── Stored data ──

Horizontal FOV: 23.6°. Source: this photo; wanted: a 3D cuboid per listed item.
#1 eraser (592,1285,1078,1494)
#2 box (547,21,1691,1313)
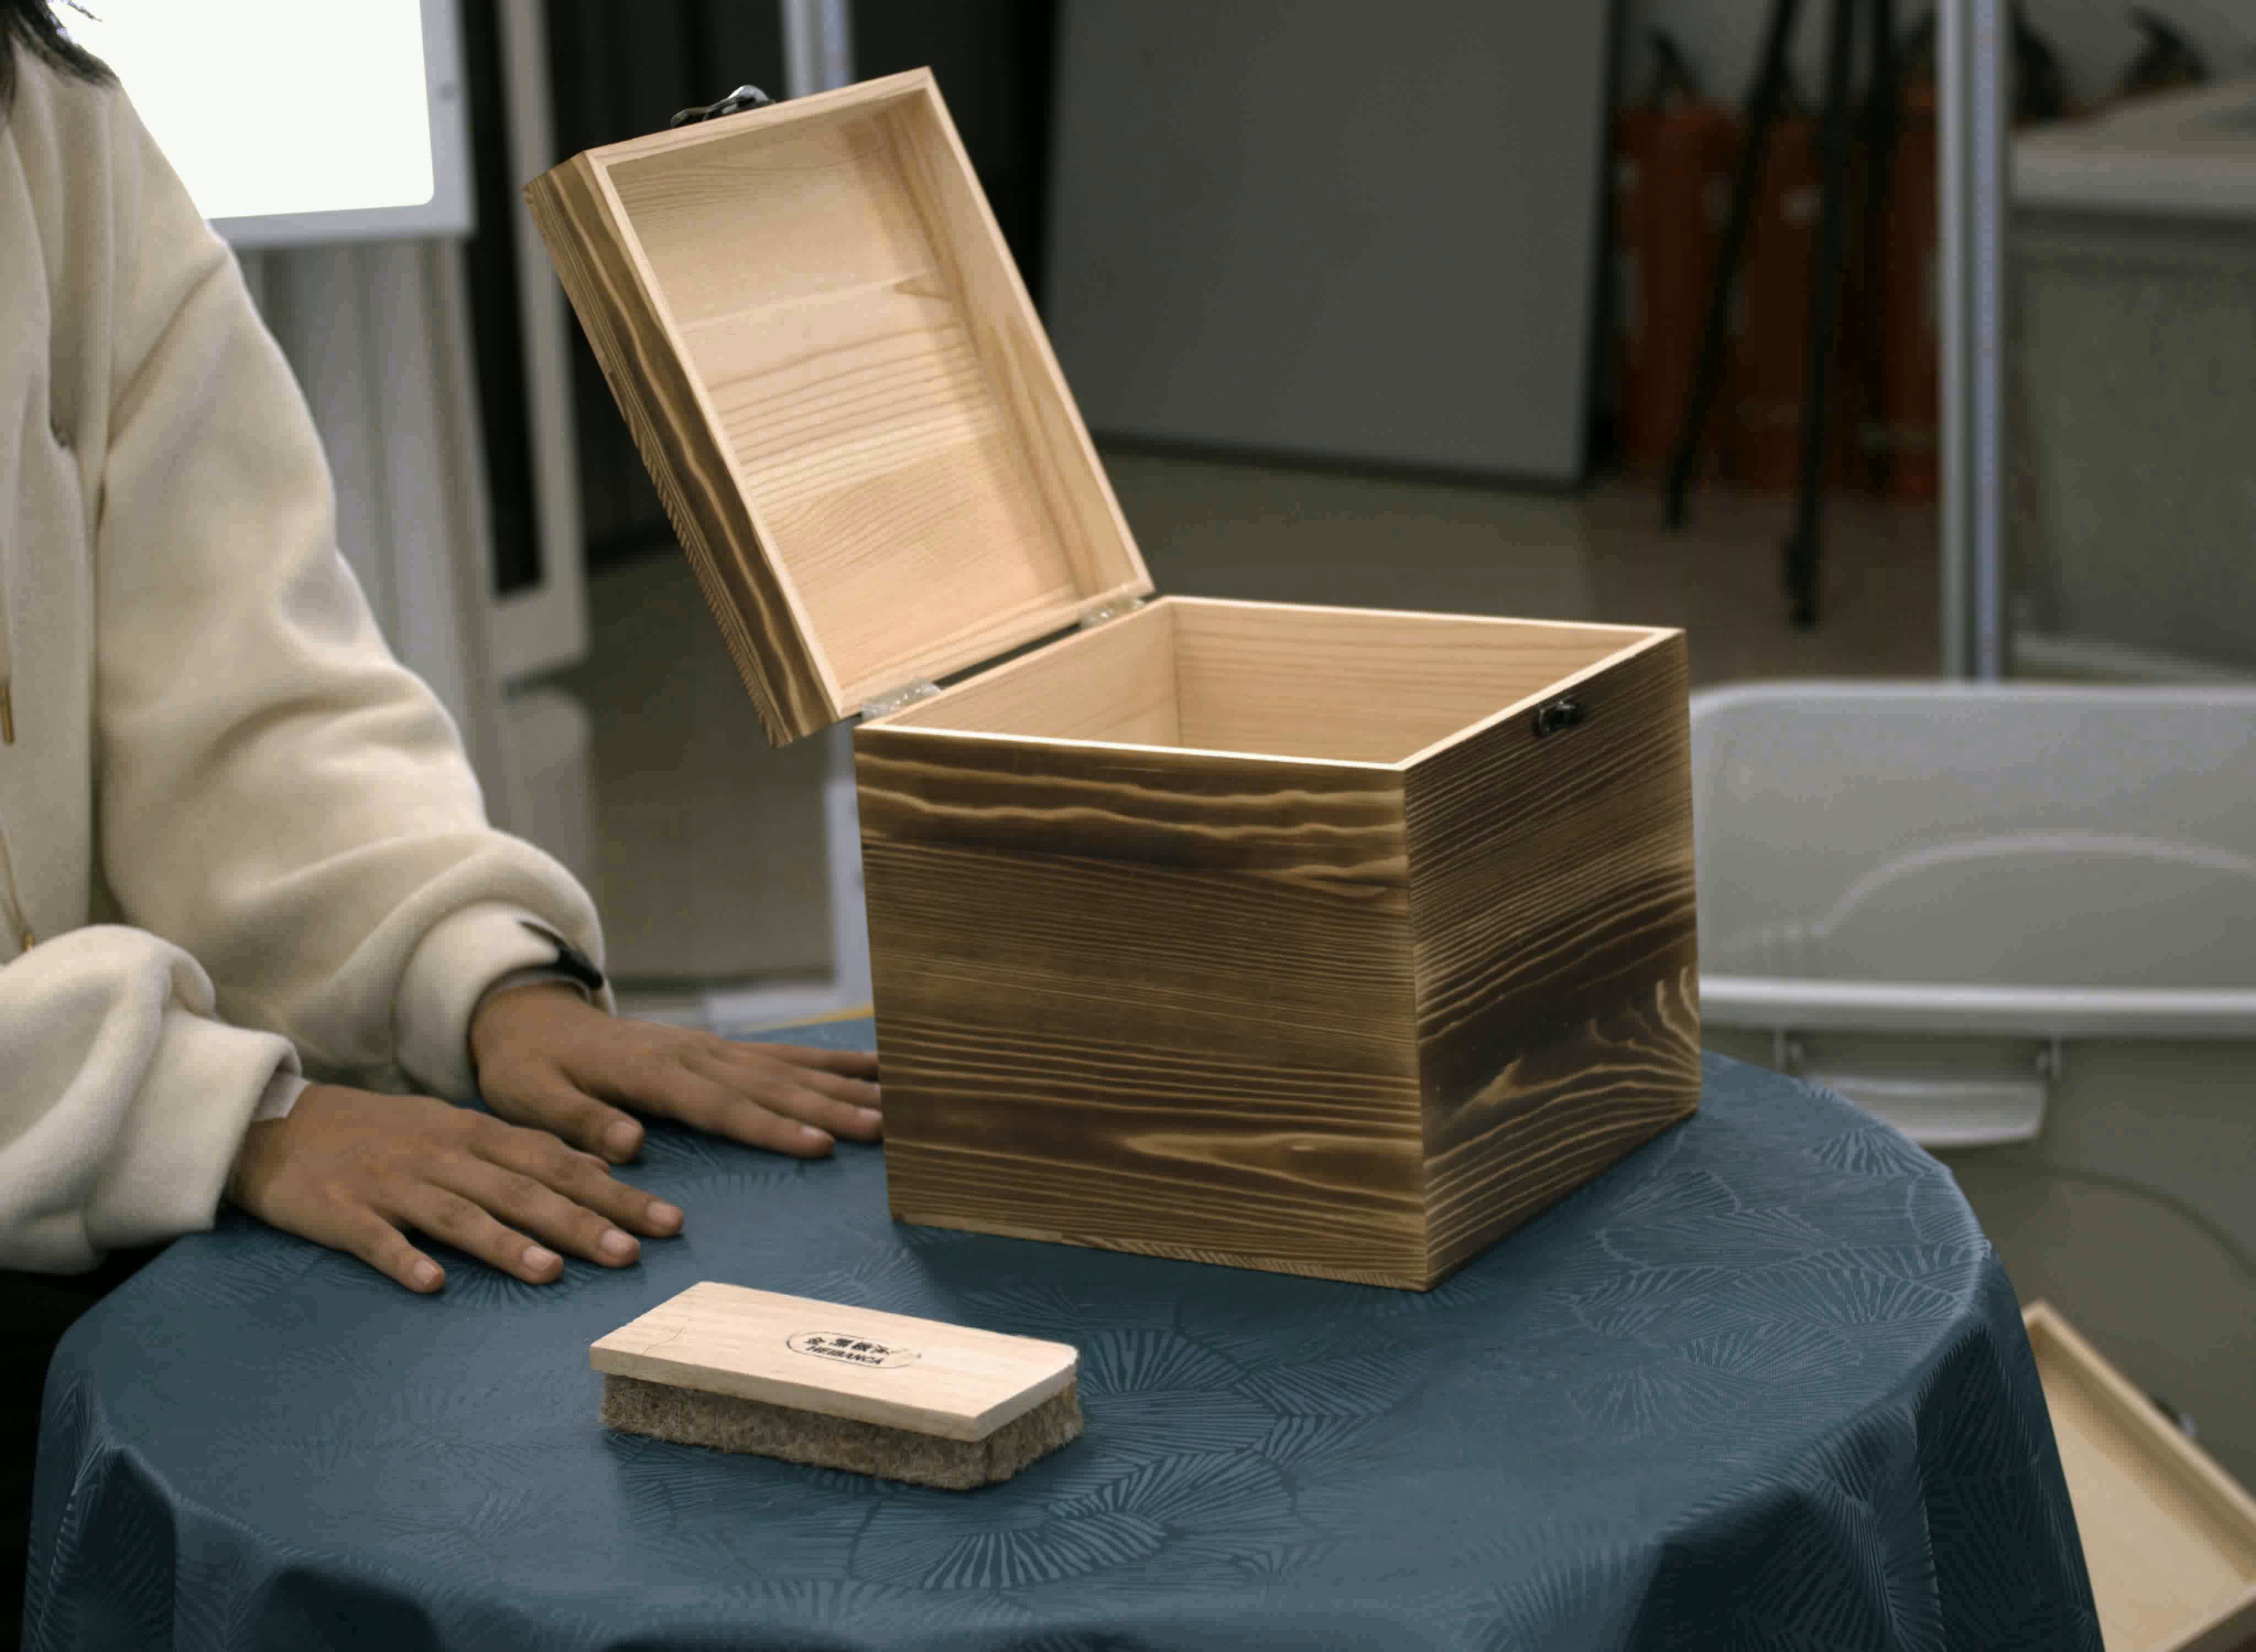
[{"bbox_3d":[-0.084,0.164,1.563,0.140,0.029,0.056,5,20,36],"label":"eraser"},{"bbox_3d":[0.002,-0.067,1.766,0.323,0.379,0.205,4,16,31],"label":"box"}]

───

When you retype the material above, keep every word exact and drop the images.

◆ Task solution
Horizontal FOV: 23.6°. Source: this photo; wanted: a 3D cuboid per listed item.
#1 eraser (592,1285,1078,1494)
#2 box (547,21,1691,1313)
[{"bbox_3d":[-0.084,0.164,1.563,0.140,0.029,0.056,5,20,36],"label":"eraser"},{"bbox_3d":[0.002,-0.067,1.766,0.323,0.379,0.205,4,16,31],"label":"box"}]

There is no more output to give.